SAMU Indígena conta com participação de egressos da Escola Vital Brasil

SAMU Indígena conta com participação de egressos da Escola Vital Brasil

Antigos mackenzistas fazem parte do programa, que possui atendimento 24h e profissionais bilíngues

Equipe do SAMU Indígena. FOTO: João Risi/MS

Lançado em agosto de 2025, o Serviço de Atendimento Móvel de Urgência (SAMU 192) Indígena, que opera na cidade de Dourados, no Mato Grosso do Sul, é um programa inovador de saúde voltado para população indígena da região. A Escola Presbiteriana Mackenzie Vital Brasil (EVB), mantida pelo Instituto Presbiteriano Mackenzie (IPM), possui uma relação muito próxima com a ação, pois boa parte dos profissionais de saúde que atuam no programa foram formados nos cursos técnicos de enfermagem da instituição.

O SAMU Indígena fica disponível 24h por dia nas proximidades de aldeias para atendimentos de urgência e emergência.
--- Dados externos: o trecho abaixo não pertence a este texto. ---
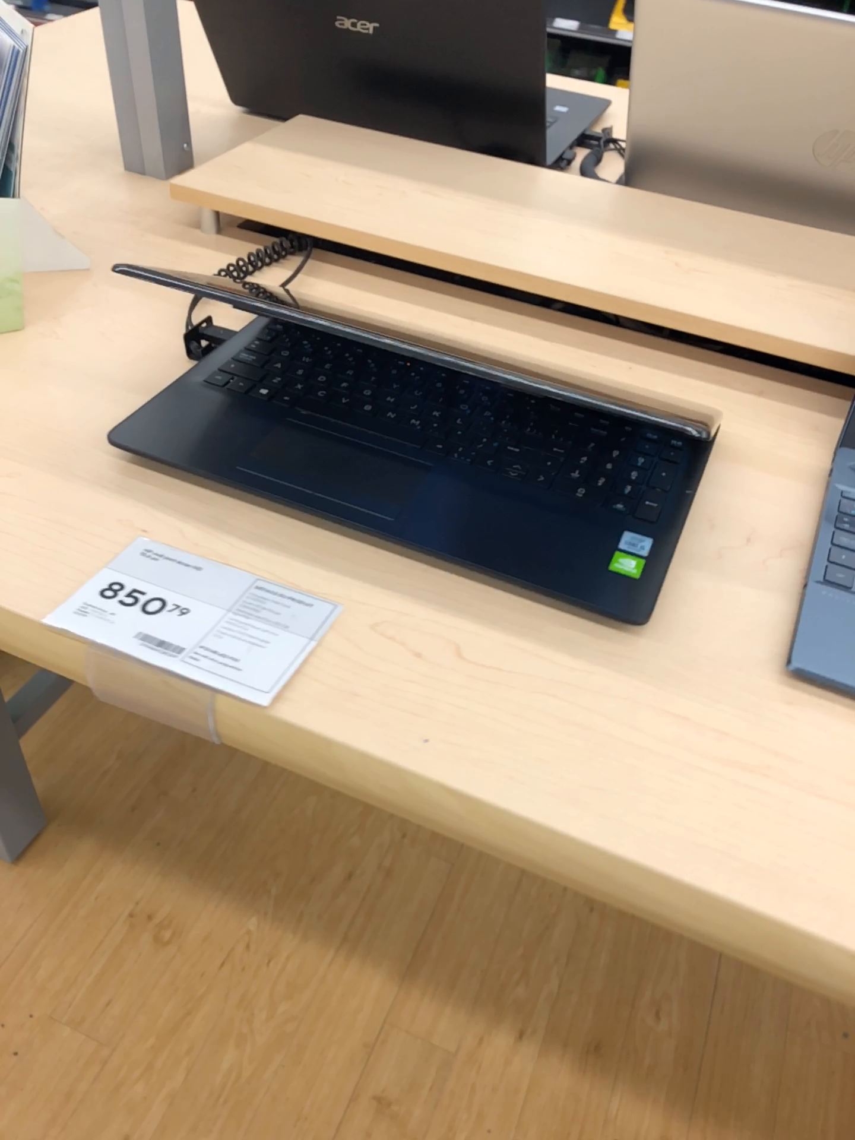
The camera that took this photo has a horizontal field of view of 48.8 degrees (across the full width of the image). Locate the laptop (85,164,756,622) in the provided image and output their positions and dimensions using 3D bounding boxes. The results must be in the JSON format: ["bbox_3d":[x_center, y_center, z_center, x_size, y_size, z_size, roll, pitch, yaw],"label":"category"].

Conta com uma viatura e uma equipe composta por um condutor socorrista, um técnico de enfermagem e um enfermeiro. Boa parte dos 14 profissionais da saúde que compõem o quadro técnico são indígenas e bilíngues, fluentes em português e guarani. 
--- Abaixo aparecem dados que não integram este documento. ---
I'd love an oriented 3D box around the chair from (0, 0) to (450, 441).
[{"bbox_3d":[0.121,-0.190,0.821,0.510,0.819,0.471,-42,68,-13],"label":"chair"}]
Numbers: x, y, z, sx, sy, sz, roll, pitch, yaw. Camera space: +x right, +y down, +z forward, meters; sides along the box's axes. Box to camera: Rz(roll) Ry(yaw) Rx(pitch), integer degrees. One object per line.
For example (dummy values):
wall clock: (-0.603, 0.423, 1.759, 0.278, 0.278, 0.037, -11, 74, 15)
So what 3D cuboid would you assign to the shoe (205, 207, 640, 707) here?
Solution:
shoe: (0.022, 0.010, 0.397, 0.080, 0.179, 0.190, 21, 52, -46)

A EVB possui um papel muito importante na formação dos técnicos de enfermagem da região. “Temos muitos alunos indígenas estudando na Escola Vital Brasil e isso é importante, pois eles se tornam capazes de desenvolver o trabalho de técnico de enfermagem junto à comunidade e, principalmente, mantendo os costumes, a língua e rotina da vida indígena”, explica Alexander Silva Azevedo, enfermeiro que integra a equipe do SAMU Indígena e que foi professor na escola mackenzista. 

De acordo com Azevedo, com a implantação do SAMU Indígena, a expectativa é de que os atendimentos às populações indígenas sejam mais rápidos. “Porque os condutores e os técnicos de enfermagem são locais, o que facilita muito, pois eles conhecem toda região e a área indígena lá dentro, conhecem as pessoas, então facilita muito o atendimento dentro da aldeia”, aponta. 

O SAMU bilíngue tem por objetivo aprimorar o entendimento entre os profissionais da saúde e os pacientes, reforçando o compromisso do SUS de oferecer um serviço universal, gratuito e culturalmente adequado. Cada espaço da base do SAMU 192 Indígena também recebe o nome do ambiente em guarani. Os pacientes indígenas deverão ser encaminhados para hospitais de referência da região em caso de necessidade.